**What you need to do:** In the records below, repeat exactly the lines between the line holding "euler=(roll, pitch, yaw))" and the line holding "Would you kindly", inclusive, and drop the pictures.

**Dataset excerpts:**
------------------------------------------------------------
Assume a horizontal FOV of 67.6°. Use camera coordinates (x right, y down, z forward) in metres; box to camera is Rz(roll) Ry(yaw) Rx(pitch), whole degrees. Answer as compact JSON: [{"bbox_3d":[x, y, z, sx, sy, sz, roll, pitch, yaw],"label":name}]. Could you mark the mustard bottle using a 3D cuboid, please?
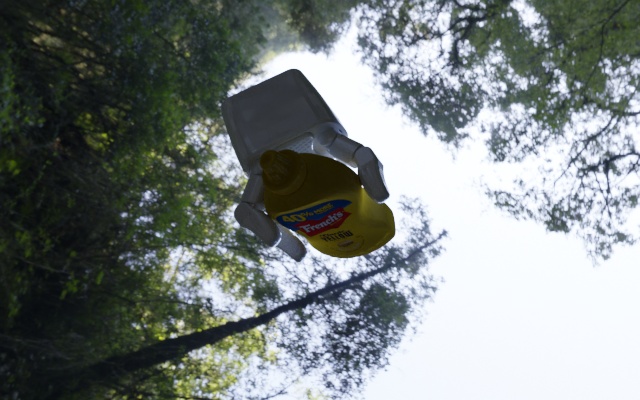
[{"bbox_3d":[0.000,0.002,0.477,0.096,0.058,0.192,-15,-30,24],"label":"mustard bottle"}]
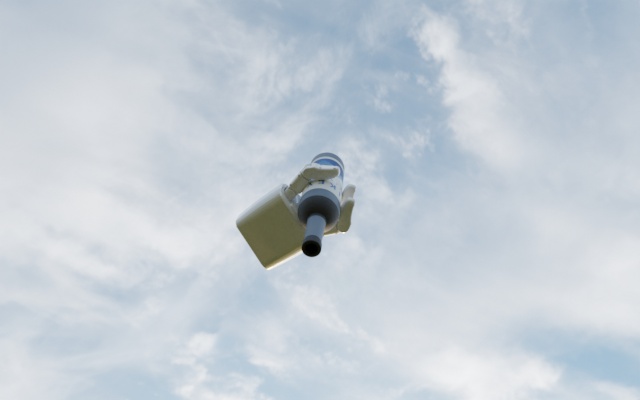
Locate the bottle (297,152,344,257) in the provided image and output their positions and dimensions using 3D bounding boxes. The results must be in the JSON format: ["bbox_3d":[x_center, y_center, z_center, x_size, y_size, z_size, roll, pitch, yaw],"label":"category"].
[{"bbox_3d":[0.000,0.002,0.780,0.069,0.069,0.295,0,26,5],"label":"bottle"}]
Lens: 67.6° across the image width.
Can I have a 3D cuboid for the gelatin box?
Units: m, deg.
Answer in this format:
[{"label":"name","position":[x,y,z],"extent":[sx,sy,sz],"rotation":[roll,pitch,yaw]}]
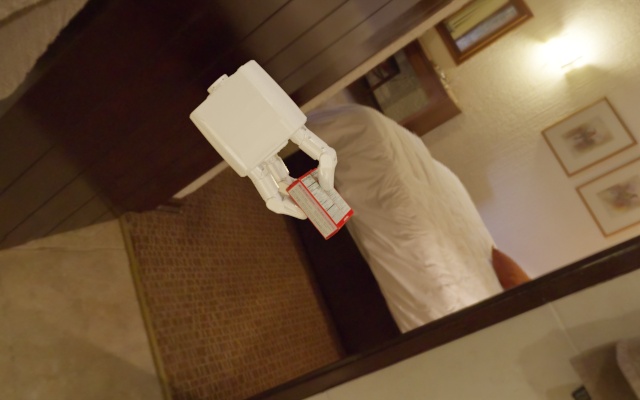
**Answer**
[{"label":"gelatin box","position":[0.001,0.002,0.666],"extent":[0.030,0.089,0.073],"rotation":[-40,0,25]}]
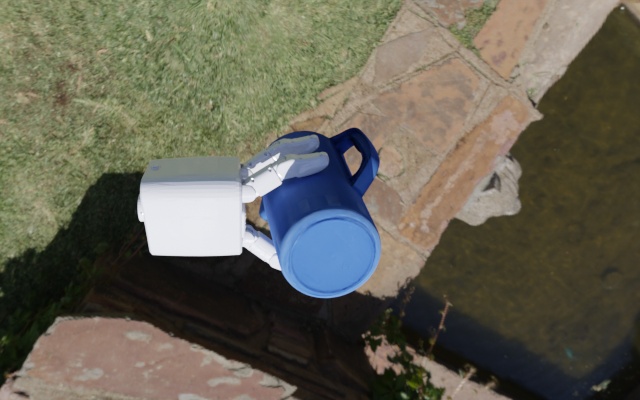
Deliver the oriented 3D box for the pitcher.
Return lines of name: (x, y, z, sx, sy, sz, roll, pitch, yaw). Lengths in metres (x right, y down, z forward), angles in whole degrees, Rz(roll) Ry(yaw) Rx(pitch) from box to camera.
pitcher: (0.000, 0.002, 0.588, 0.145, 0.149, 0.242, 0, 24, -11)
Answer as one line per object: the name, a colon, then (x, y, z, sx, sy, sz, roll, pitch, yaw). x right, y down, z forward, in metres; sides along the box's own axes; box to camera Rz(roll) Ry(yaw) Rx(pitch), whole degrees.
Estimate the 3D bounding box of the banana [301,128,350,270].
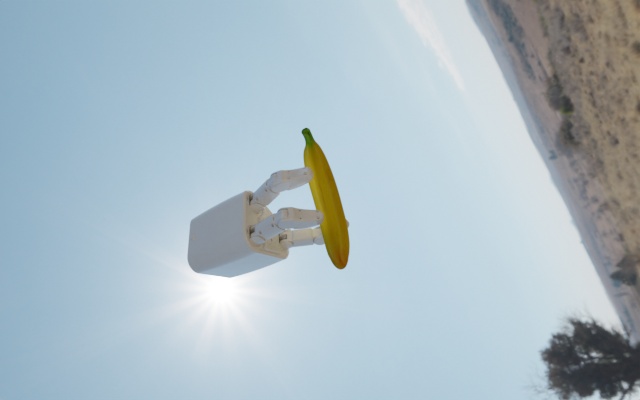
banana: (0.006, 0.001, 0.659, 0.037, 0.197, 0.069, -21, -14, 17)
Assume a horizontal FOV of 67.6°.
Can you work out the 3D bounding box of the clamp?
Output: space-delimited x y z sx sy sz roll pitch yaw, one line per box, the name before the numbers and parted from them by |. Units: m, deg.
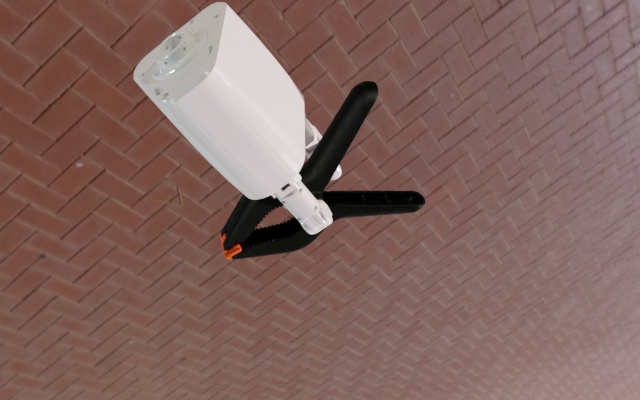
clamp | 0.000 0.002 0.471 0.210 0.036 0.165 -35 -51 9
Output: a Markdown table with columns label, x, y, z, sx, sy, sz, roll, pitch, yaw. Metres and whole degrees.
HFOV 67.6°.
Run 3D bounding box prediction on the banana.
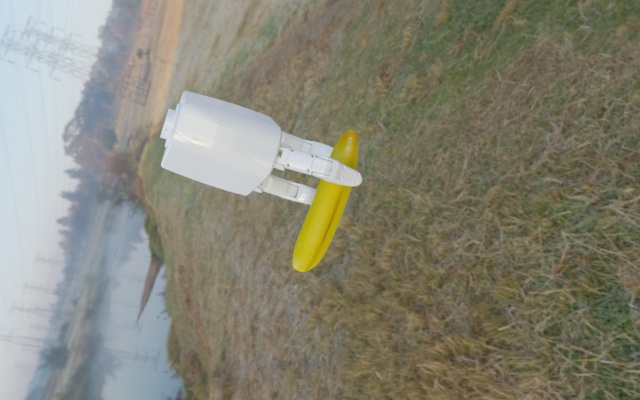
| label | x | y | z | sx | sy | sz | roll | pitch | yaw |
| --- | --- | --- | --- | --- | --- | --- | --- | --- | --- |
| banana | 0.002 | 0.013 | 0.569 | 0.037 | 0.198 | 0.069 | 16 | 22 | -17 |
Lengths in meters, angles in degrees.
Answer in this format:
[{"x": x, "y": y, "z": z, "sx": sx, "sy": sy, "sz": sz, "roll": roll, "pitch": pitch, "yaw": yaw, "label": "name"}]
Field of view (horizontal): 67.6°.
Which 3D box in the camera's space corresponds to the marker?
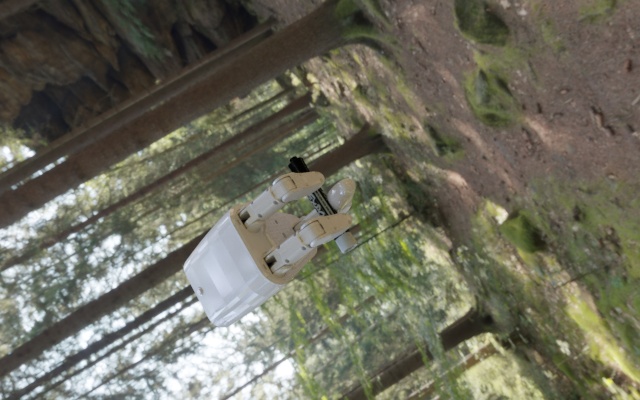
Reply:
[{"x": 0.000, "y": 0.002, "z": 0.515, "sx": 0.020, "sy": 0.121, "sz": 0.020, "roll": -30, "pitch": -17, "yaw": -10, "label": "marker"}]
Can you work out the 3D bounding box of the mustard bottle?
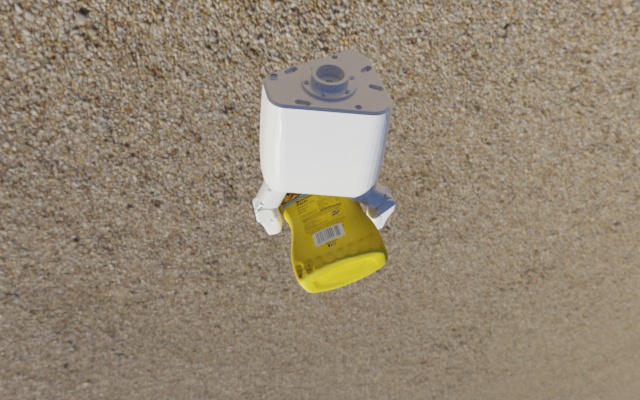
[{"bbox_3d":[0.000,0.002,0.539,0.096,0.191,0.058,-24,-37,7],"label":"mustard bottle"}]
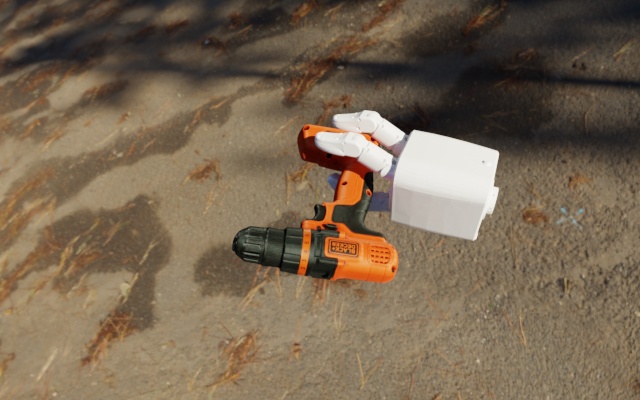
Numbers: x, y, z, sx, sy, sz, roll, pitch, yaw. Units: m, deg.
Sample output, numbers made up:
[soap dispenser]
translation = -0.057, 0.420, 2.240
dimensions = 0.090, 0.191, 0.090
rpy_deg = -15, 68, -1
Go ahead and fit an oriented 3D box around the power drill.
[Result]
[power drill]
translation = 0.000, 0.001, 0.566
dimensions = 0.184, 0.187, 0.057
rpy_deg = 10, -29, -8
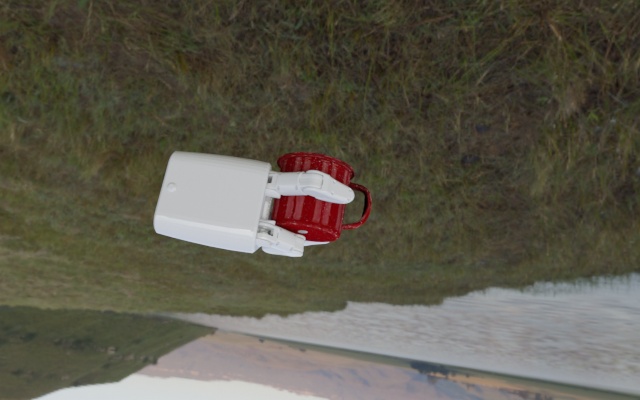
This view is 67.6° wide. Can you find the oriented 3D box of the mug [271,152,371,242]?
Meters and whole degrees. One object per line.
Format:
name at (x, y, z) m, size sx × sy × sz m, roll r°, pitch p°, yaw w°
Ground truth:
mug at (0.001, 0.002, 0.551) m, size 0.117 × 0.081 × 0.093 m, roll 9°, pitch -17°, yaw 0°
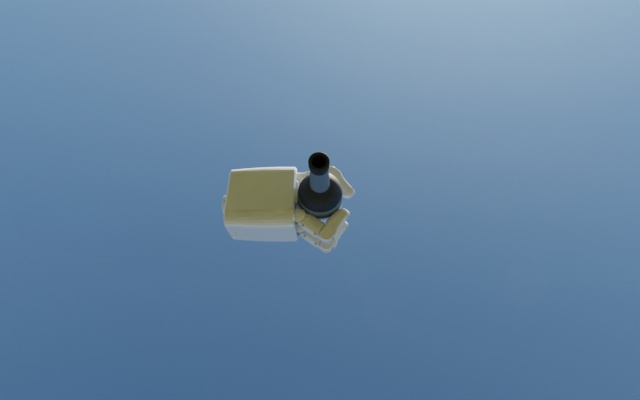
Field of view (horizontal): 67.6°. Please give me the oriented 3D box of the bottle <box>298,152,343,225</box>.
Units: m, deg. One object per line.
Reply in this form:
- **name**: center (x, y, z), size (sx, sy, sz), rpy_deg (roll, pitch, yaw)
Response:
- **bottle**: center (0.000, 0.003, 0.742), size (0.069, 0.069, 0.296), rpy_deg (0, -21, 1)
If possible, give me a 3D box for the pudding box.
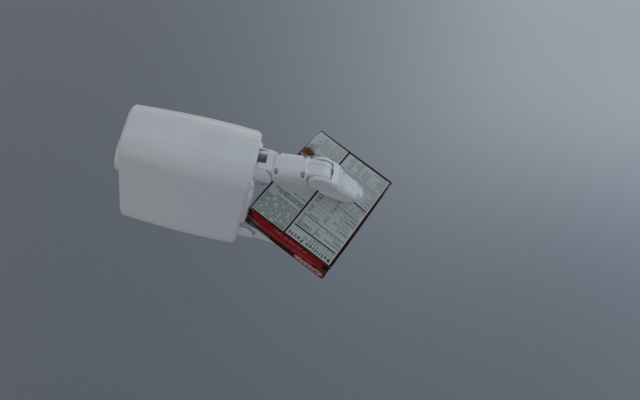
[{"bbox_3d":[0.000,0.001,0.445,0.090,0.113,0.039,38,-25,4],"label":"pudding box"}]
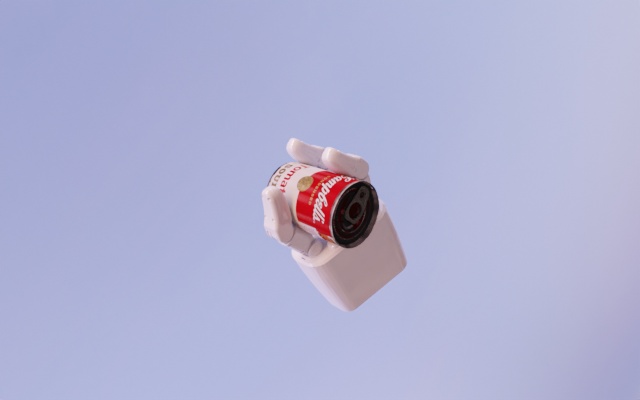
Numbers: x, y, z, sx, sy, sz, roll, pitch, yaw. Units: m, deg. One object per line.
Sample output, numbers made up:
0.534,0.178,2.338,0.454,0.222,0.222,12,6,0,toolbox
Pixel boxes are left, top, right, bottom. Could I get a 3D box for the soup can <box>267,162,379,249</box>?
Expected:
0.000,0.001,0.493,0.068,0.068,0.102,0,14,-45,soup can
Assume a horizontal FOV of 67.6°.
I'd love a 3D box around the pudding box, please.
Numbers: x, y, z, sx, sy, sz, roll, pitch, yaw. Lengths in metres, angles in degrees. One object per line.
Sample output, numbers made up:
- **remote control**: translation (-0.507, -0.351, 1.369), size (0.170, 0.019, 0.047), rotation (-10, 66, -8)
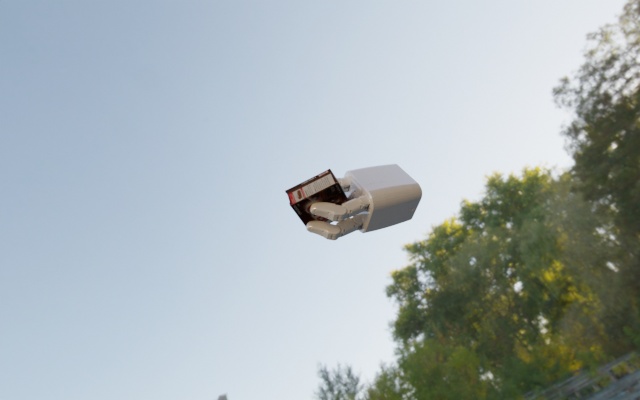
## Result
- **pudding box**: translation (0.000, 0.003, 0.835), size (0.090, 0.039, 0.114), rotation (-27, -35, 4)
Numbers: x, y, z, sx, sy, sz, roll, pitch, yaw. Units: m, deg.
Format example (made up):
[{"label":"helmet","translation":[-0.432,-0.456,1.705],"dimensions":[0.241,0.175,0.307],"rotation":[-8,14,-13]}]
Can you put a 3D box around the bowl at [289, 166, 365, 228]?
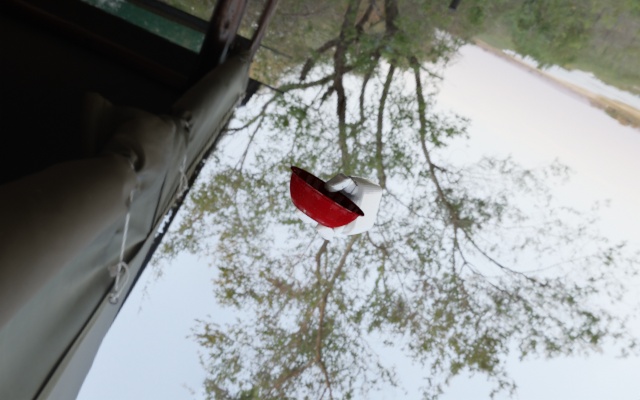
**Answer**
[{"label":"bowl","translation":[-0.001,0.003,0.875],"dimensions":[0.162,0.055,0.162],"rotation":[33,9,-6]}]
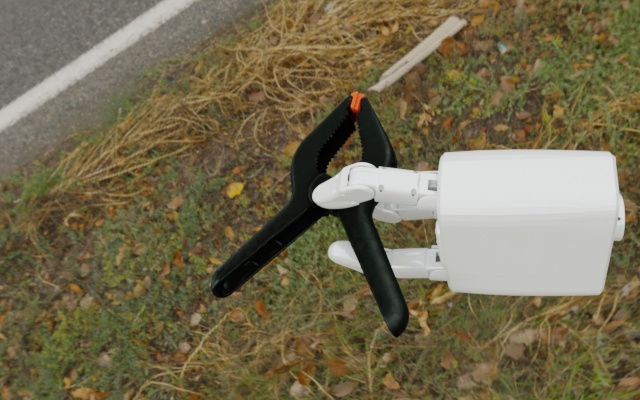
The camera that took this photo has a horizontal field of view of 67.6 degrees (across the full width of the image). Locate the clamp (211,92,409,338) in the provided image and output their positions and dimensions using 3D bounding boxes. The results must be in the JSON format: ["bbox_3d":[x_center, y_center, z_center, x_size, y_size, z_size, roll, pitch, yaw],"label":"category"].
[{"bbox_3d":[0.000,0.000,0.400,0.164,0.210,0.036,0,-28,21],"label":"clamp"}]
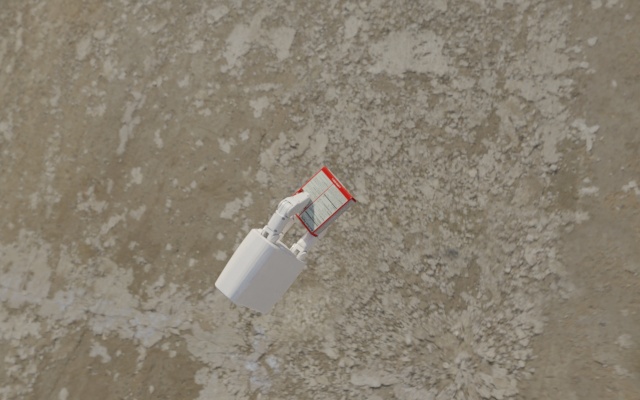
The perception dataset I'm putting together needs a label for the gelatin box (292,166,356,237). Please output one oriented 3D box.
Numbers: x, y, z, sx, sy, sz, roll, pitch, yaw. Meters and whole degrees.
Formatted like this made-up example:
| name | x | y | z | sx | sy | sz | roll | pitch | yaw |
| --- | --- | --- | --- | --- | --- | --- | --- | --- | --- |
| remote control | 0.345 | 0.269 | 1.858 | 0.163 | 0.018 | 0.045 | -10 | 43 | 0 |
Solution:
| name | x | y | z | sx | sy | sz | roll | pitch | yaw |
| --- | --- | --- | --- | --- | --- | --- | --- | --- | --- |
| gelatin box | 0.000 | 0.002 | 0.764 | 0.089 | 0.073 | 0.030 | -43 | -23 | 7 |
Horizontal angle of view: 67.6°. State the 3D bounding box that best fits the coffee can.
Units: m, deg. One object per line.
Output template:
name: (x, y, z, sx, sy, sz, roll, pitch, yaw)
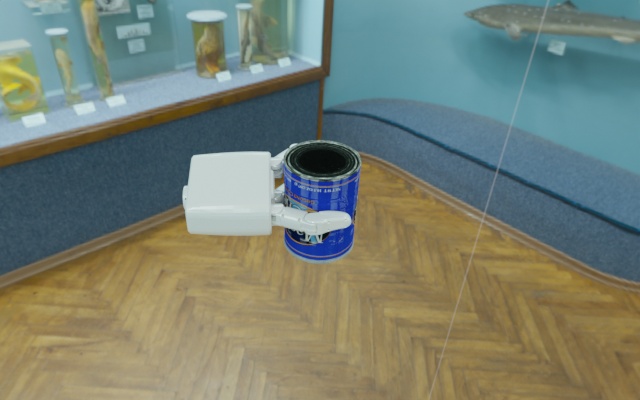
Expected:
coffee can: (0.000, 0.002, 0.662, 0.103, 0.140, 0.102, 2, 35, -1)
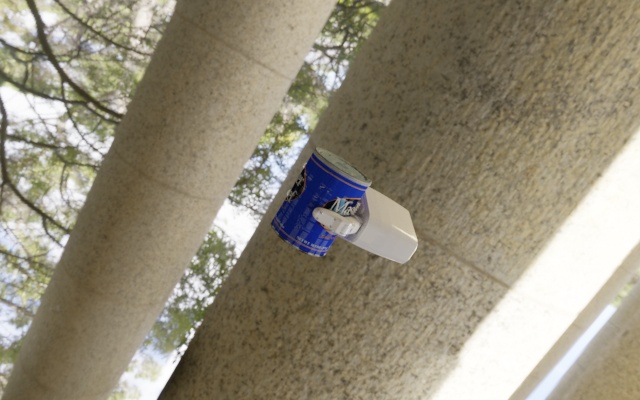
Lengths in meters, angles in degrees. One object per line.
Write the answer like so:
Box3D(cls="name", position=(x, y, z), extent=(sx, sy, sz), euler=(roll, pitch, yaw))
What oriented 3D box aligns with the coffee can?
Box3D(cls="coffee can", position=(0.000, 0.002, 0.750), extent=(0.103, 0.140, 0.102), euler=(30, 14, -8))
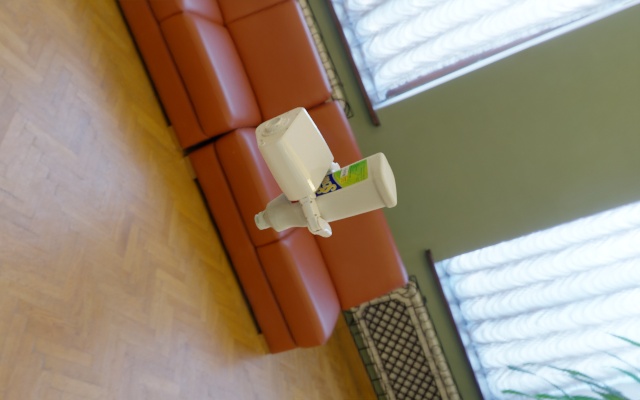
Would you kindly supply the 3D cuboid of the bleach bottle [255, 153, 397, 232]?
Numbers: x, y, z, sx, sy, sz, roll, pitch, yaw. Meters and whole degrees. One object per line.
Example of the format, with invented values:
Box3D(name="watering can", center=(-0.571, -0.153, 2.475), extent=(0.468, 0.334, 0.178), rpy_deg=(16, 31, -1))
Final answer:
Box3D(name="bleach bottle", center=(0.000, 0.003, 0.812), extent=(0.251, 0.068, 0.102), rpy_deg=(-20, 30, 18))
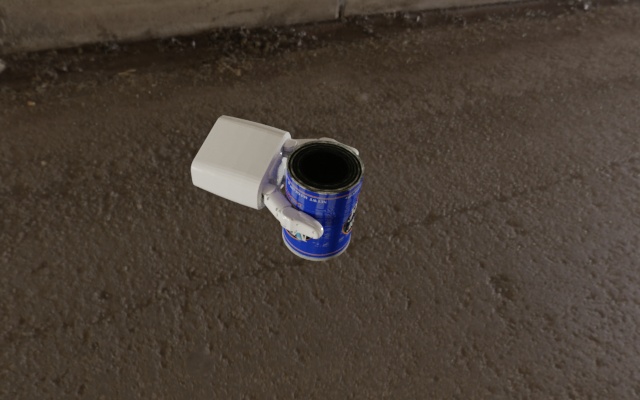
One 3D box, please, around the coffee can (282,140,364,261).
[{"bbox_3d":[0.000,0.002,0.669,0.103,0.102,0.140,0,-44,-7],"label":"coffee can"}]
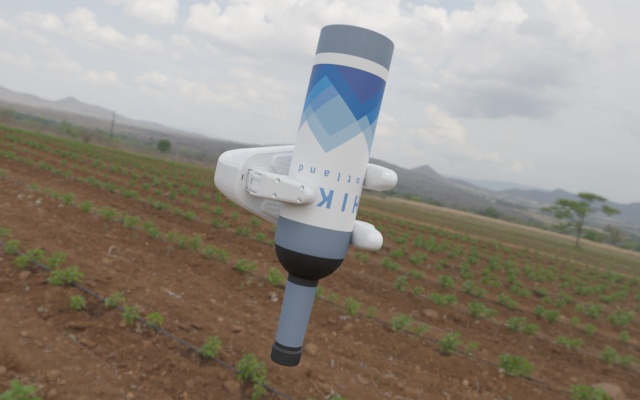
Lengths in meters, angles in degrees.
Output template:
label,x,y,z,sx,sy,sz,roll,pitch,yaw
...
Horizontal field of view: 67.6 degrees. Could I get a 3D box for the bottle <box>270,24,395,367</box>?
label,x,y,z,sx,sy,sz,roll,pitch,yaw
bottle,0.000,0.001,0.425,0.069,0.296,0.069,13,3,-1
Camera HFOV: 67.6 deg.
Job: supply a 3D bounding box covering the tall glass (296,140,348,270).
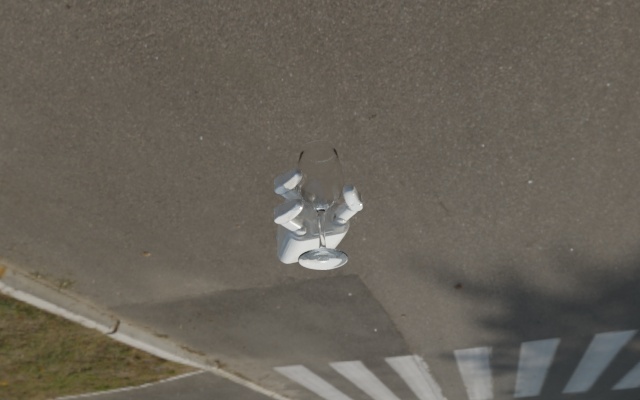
------------------------------------------------------------
**Result of the exercise:**
Box3D(cls="name", position=(x, y, z), extent=(sx, sy, sz), euler=(roll, pitch, yaw))
What oriented 3D box aligns with the coffee can?
Box3D(cls="coffee can", position=(0.000, 0.002, 0.750), extent=(0.103, 0.140, 0.102), euler=(30, 14, -8))
Would you kindly supply the 3D cuboid of the bleach bottle [255, 153, 397, 232]?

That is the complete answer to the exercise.